On Adam’s meritorious reward for his obedience in the CoW:
“Adam perfectly obeying, the Lord in justice would be obliged to afford what he had promised.” (157)
And here:
“They merit ex pacto, by some contract or Covenant: that though the works be inconsiderable in value, to the reward, yet the Lord hath promised such a reward to them: thus and no otherwise, could the obedience of Adam in a state of innocency be meritorious, for he did owe all as duty to God, even by right of creation; he might have required all, without ingaging himself to give any reward; and finite services could not merit in worth and value an infinite reward; but the Lord promised it to his perfect unsinning works…Thus a reward may be of merit and of debt.” (220-21)
For Petto, once God established this covenant through his divine condescension, Adam had a legal claim and right to its reward upon the fulfillment of its conditions. This claim was not the result of an intrinsic merit, but a covenantally determined merit.
FWIW, I don’t think Petto’s view on this point stands in opposition to Owen’s either. They both seems to embrace a view of covenantally determined merit that stood over and and against the concept of merit developed in medieval scholastic theology, which taught that fallen man could respond to God’s grace with, as Muller says, “an act representative of and flowing from the minimal good that was in him, not a truly good act, but a bare turning toward the divine, a meritum de congruo.”
Mark, I don’t see how you think that Kline is deviating from this by wanting to be more strict in his language. He is simply making the point (as many RO did) that the covenant of works did not have grace or mercy as its foundation. I know you didn’t study under Kline, Mark, but have you read Kingdom Prologue carefully?

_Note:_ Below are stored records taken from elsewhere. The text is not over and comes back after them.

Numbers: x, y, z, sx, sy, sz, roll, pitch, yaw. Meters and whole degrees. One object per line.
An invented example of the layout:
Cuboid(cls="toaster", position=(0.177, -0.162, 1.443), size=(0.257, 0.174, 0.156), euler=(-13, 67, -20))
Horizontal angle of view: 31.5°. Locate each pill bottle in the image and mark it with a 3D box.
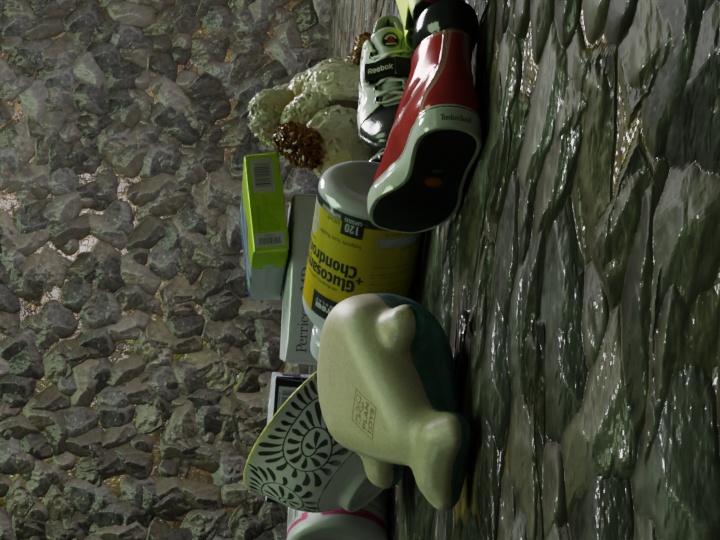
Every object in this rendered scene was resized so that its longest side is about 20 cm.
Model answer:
Cuboid(cls="pill bottle", position=(-0.025, 0.230, 1.447), size=(0.114, 0.112, 0.202), euler=(99, 173, -48))
Cuboid(cls="pill bottle", position=(0.000, 0.000, 1.297), size=(0.112, 0.110, 0.202), euler=(-94, 12, -60))

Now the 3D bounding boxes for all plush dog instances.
Cuboid(cls="plush dog", position=(-0.015, -0.158, 1.436), size=(0.161, 0.198, 0.173), euler=(-55, 29, 37))

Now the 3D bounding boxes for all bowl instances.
Cuboid(cls="bowl", position=(-0.012, 0.175, 1.268), size=(0.200, 0.094, 0.202), euler=(-41, -22, -20))

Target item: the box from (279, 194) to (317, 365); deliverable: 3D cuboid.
Cuboid(cls="box", position=(-0.029, 0.018, 1.564), size=(0.200, 0.129, 0.202), euler=(154, 119, -85))

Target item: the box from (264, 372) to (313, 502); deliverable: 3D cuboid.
Cuboid(cls="box", position=(-0.090, 0.272, 2.085), size=(0.115, 0.130, 0.203), euler=(169, 105, -83))

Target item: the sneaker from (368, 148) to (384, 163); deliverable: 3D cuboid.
Cuboid(cls="sneaker", position=(0.026, -0.042, 1.379), size=(0.080, 0.073, 0.203), euler=(-71, -6, -63))

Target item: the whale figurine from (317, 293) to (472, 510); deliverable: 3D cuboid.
Cuboid(cls="whale figurine", position=(0.042, 0.099, 0.995), size=(0.200, 0.102, 0.161), euler=(42, 131, 53))

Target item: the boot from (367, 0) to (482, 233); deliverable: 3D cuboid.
Cuboid(cls="boot", position=(0.055, -0.128, 1.060), size=(0.200, 0.071, 0.146), euler=(120, 155, -61))

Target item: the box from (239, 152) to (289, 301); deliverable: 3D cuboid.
Cuboid(cls="box", position=(-0.117, -0.046, 1.540), size=(0.200, 0.047, 0.124), euler=(109, 155, -69))

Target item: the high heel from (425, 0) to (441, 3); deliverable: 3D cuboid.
Cuboid(cls="high heel", position=(0.070, -0.301, 0.963), size=(0.096, 0.066, 0.203), euler=(-65, -15, -73))

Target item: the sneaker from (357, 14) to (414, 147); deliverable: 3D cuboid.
Cuboid(cls="sneaker", position=(0.027, -0.199, 1.317), size=(0.201, 0.073, 0.089), euler=(-95, -4, -56))

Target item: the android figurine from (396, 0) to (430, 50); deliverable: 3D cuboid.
Cuboid(cls="android figurine", position=(0.062, -0.317, 1.270), size=(0.201, 0.040, 0.184), euler=(-96, 11, -61))

Also, as for Trueman’s thoughts on the RO’s use of “grace,” he says this in John Owen: Reformed Catholic, Renaissance Man:
“while the Reformed Orthodox will routinely use language of grace when referring to this condescension, this is to be understood not in a redemptive sense, for there could be no redemption where there is nothing to be redeemed before the Fall, but simply as underlying God’s freedom in the establishment of the covenant.” (74)
Cheers,
Mike
Rowland Ward
08. Oct, 2009
Hi Lee,
The Witsius quote is actually one of my favourites which I quote in my God and Adam page 121. But I’m not seeing it as supporting a Klinean view of merit.
Mark Jones
08. Oct, 2009
Mike,
I don’t suppose I have read Kline as carefully as you have. But, just like I don’t think his view of republication is the same as that of the 17thC, I also feel that his concept of merit is something different. But, right now, I don’t have any time to get into an extended discussion of this, unfortunately,
Blessings,
Mark
JB
09. Oct, 2009
Anyone have any idea where Kline would take exceptions to the WCF? Lee said above that he thinks WCF 7:1 would be a place (the part about voluntary condescension). Is there anywhere else?
Ligon Duncan
10. Oct, 2009
Patrick and Mark (if I may):
My main point in the article “Objections to the Covenant Theology of the Confession” in “The Westminster Confession into the 21st Century,” vol 3:467-500 is to defend the idea of the covenant of works from (especially) mono-covenantal criticisms. On the matter of “grace” in the CoW, I would say: “it depends on what you mean.” No reference from the Protestant Orthodox theologians can support what mono-covenantalists mean by “grace” in the CoW. Rowland will appreciate fully what I mean by that. He understands the logic and the hisotry of the CoW better than most. Now, as to whether my article is “good, bad or ugly” I’ll leave that to you to decide!
Cordially,
Ligon Duncan
Mark Jones
11. Oct, 2009
Ligon (also, if I may),
I agree; it depends on what you mean. I have no problem with the language of Francis Roberts who speaks of “mere grace”, just as I have no problem with Goodwin’s “creation dues”. Both fit nicely, I think. And, of course, I’ll have to read your work, which I am sure wont be either bad or ugly.